Yeung K Y, Ruzzo W L
Computer Science and Engineering, Box 352350, University of Washington, Seattle, WA 98195, USA.
Bioinformatics. 2001 Sep;17(9):763-74. doi: 10.1093/bioinformatics/17.9.763.
There is a great need to develop analytical methodology to analyze and to exploit the information contained in gene expression data. Because of the large number of genes and the complexity of biological networks, clustering is a useful exploratory technique for analysis of gene expression data. Other classical techniques, such as principal component analysis (PCA), have also been applied to analyze gene expression data. Using different data analysis techniques and different clustering algorithms to analyze the same data set can lead to very different conclusions. Our goal is to study the effectiveness of principal components (PCs) in capturing cluster structure. Specifically, using both real and synthetic gene expression data sets, we compared the quality of clusters obtained from the original data to the quality of clusters obtained after projecting onto subsets of the principal component axes.

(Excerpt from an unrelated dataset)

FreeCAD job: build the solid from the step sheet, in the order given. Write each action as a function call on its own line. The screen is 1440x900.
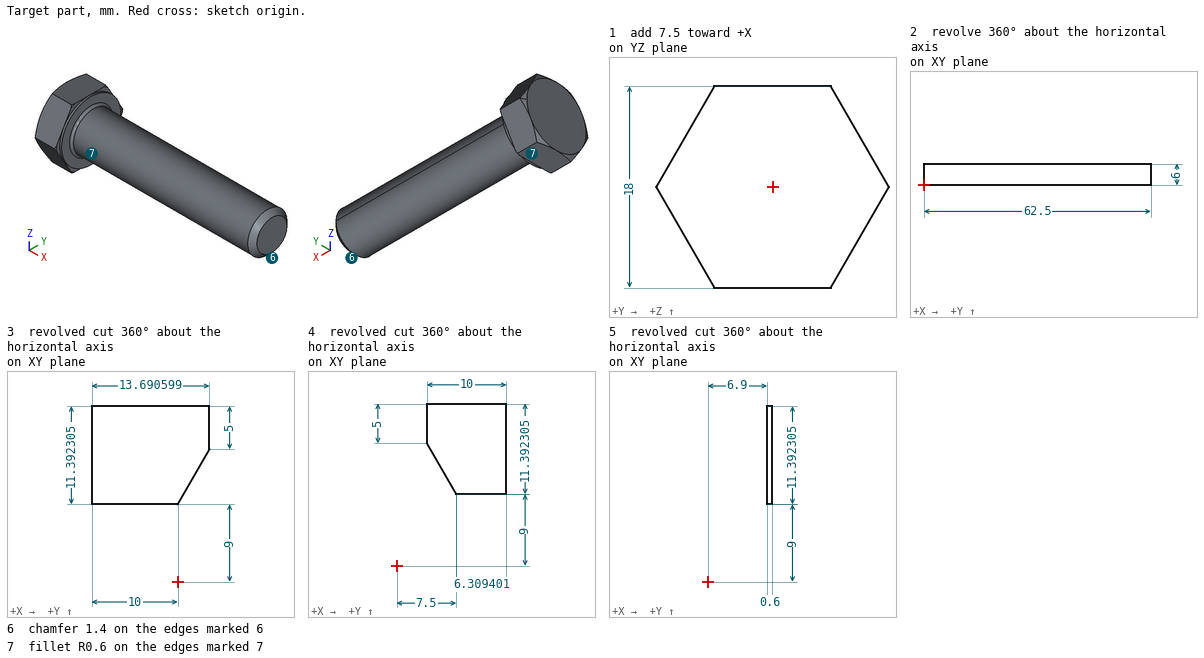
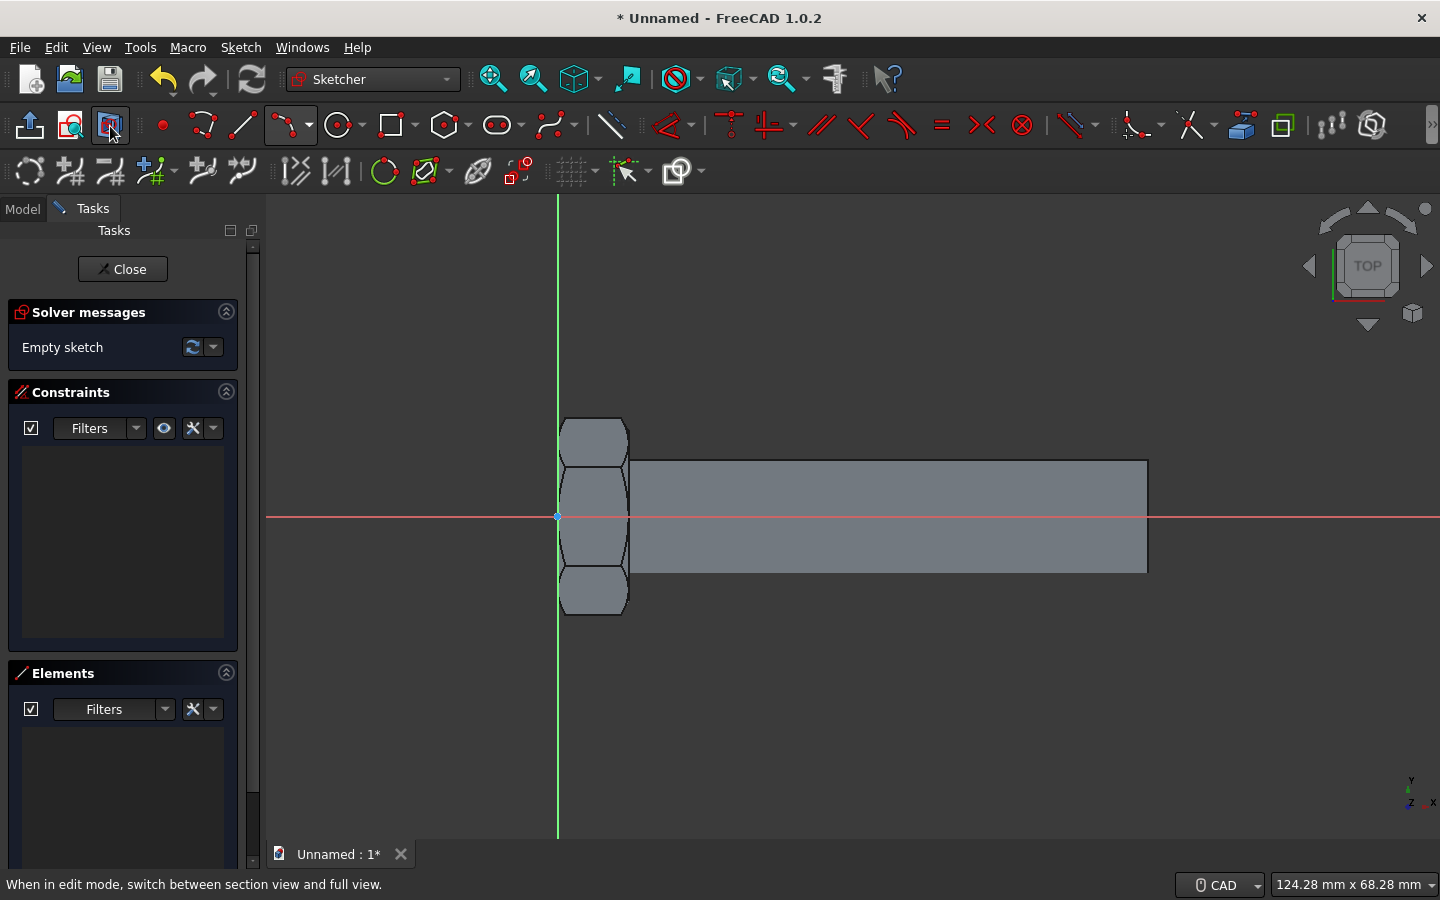
scroll(437, 342, up, 4)

Our empirical study showed that clustering with the PCs instead of the original variables does not necessarily improve, and often degrades, cluster quality. In particular, the first few PCs (which contain most of the variation in the data) do not necessarily capture most of the cluster structure. We also showed that clustering with PCs has different impact on different algorithms and different similarity metrics. Overall, we would not recommend PCA before clustering except in special circumstances.
迫切需要开发分析方法来分析和利用基因表达数据中包含的信息。由于基因数量众多且生物网络复杂,聚类是分析基因表达数据的一种有用的探索性技术。其他经典技术,如主成分分析(PCA),也已应用于分析基因表达数据。使用不同的数据分析技术和不同的聚类算法来分析同一数据集可能会得出非常不同的结论。我们的目标是研究主成分(PC)在捕捉聚类结构方面的有效性。具体而言,我们使用真实和合成基因表达数据集,将从原始数据获得的聚类质量与投影到主成分轴子集后获得的聚类质量进行了比较。
我们的实证研究表明,使用主成分进行聚类而非原始变量并不一定会提高聚类质量,反而常常会降低聚类质量。特别是,最初的几个主成分(包含数据中的大部分变异)不一定能捕捉到大部分聚类结构。我们还表明,使用主成分进行聚类对不同的算法和不同的相似性度量有不同的影响。总体而言,除特殊情况外,我们不建议在聚类之前进行主成分分析。